As I detailed in a recent post, the problem is that Ruby’s DateTime implementation is extremely slow compared to its Time implementation. The solution is to avoid DateTime’s entirely and use custom time parsing code. Fortunately, our database can output time in ISO 861 format, which Time can quickly parse.
So, any place we access times, we simply roll our own attribute readers and writers like this (note that we don’t use read_attribute!).
def created_on @created_on || Time.iso8601(read_attribute_before_type_cast('created_on')) end def created_on=(value) write_attribute(:created_on, value) @created_on = nil end def updated_on @updated_on || Time.iso8601(read_attribute_before_type_cast('created_on')) end
Lesson – Don’t let Rails parse timestamps – do it yourself
Gain – 20%
Don’t symbolize keys
We’ve almost hit the 1 second barrier:
Total: 1.156 %self total self wait child calls name 8.13 0.11 0.09 0.00 0.01 642 Kernel#send-3 8.13 0.09 0.09 0.00 0.00 5 PGconn#exec 6.75 0.08 0.08 0.00 0.00 7497 String#concat 4.15 0.05 0.05 0.00 0.00 817 Hash#each 4.07 0.05 0.05 0.00 0.00 40 ActiveRecord::Associations:: HasAndBelongsToManyAssociation# construct_sql 2.77 0.03 0.03 0.00 0.00 6360 String#match 2.77 0.06 0.03 0.00 0.03 47 Array#each_index 2.77 0.03 0.03 0.00 0.00 280 IconType#size 2.60 0.03 0.03 0.00 0.00 4309 Array#[]

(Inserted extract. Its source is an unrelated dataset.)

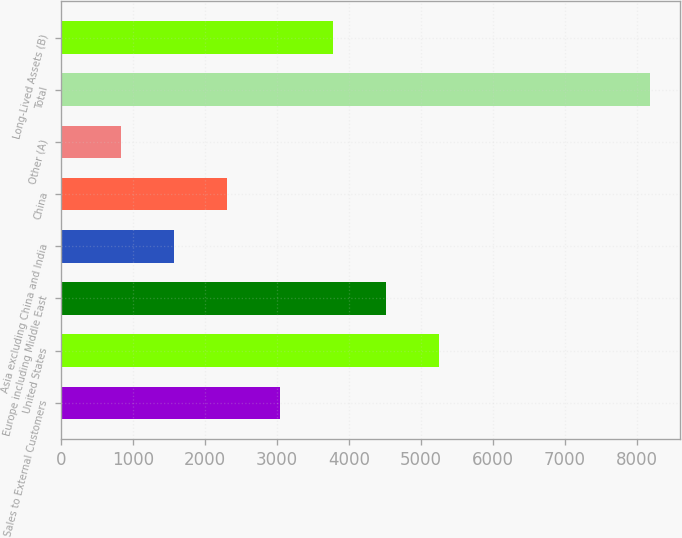<chart> <loc_0><loc_0><loc_500><loc_500><bar_chart><fcel>Sales to External Customers<fcel>United States<fcel>Europe including Middle East<fcel>Asia excluding China and India<fcel>China<fcel>Other (A)<fcel>Total<fcel>Long-Lived Assets (B)<nl><fcel>3036.79<fcel>5244.28<fcel>4508.45<fcel>1565.13<fcel>2300.96<fcel>829.3<fcel>8187.6<fcel>3772.62<nl></chart>

At this point, most of the easy wins are gone. However, there is at least one left. Although its not shown in the flat profile, the graph profile shows that the method ActiveSupport::CoreExtensions::Hash::Keys#symbolize_keys takes 2.77% of the time including its children. Additional rummaging through the call graph shows that the calls come from ActionView#compile_and_render_template:
def compile_and_render_template(extension, template = nil, file_path = nil, local_assigns = {}) # convert string keys to symbols if requested local_assigns = local_assigns.symbolize_keys if @@local_assigns_support_string_keys
A bit of research shows that local_assigns_support_string_keys is deprecated and slated for removal from Rails! Sweet – that means we can save an additional 3% simply by adding this line to environment.rb:
config.action_view.local_assigns_support_string_keys = false
If only all optimizations were so simple.

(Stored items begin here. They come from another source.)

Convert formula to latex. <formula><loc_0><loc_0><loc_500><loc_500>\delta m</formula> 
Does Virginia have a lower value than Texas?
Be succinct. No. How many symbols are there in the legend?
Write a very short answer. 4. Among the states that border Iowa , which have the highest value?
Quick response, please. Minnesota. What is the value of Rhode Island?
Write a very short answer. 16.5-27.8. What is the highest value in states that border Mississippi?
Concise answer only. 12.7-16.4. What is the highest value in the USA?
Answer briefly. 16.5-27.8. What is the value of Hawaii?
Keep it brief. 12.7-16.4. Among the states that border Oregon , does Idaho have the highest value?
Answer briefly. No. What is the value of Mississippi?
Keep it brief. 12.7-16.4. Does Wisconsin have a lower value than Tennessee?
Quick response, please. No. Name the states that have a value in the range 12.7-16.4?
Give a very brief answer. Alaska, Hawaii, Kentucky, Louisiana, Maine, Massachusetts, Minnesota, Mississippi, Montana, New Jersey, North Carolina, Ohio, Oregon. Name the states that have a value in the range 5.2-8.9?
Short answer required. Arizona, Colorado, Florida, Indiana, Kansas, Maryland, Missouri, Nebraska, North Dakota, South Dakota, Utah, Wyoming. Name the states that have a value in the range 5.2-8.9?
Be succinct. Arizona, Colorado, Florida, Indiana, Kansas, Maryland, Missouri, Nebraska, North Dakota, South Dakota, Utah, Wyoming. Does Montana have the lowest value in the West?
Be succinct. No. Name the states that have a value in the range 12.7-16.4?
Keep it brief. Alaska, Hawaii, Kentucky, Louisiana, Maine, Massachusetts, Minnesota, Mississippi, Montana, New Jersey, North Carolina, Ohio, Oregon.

Lesson – Don’t symbolize keys
Gain – 3%
Wrapping Up
So what’s our final time? Let’s see:
Total: 0.922 %self total self wait child calls name 10.30 0.10 0.10 0.00 0.00 5 PGconn#exec 3.47 0.17 0.03 0.00 0.14 312 Array#each-2 3.47 0.03 0.03 0.00 0.00 212 ActiveRecord::ConnectionAdapters:: Quoting#quote 3.47 0.03 0.03 0.00 0.00 19455 Hash#[] 3.47 0.36 0.03 0.00 0.33 360 ActionView::Base#render-2 3.36 0.06 0.03 0.00 0.03 47 Array#each_index 3.36 0.03 0.03 0.00 0.00 299 ActiveRecord::Associations:: AssociationProxy#initialize 3.36 0.14 0.03 0.00 0.11 705 ActiveRecord::Associations:: AssociationProxy#method_missing
Not bad – we reduced the request time from 7.8 to 0.92 seconds with a day’s worth of work. Obviously there is still much to be done – we need to run the code through our performance monitoring suite and make sure that the average time holds across a number of requests and that the standard deviation is in line. But we’ve at least made a good start.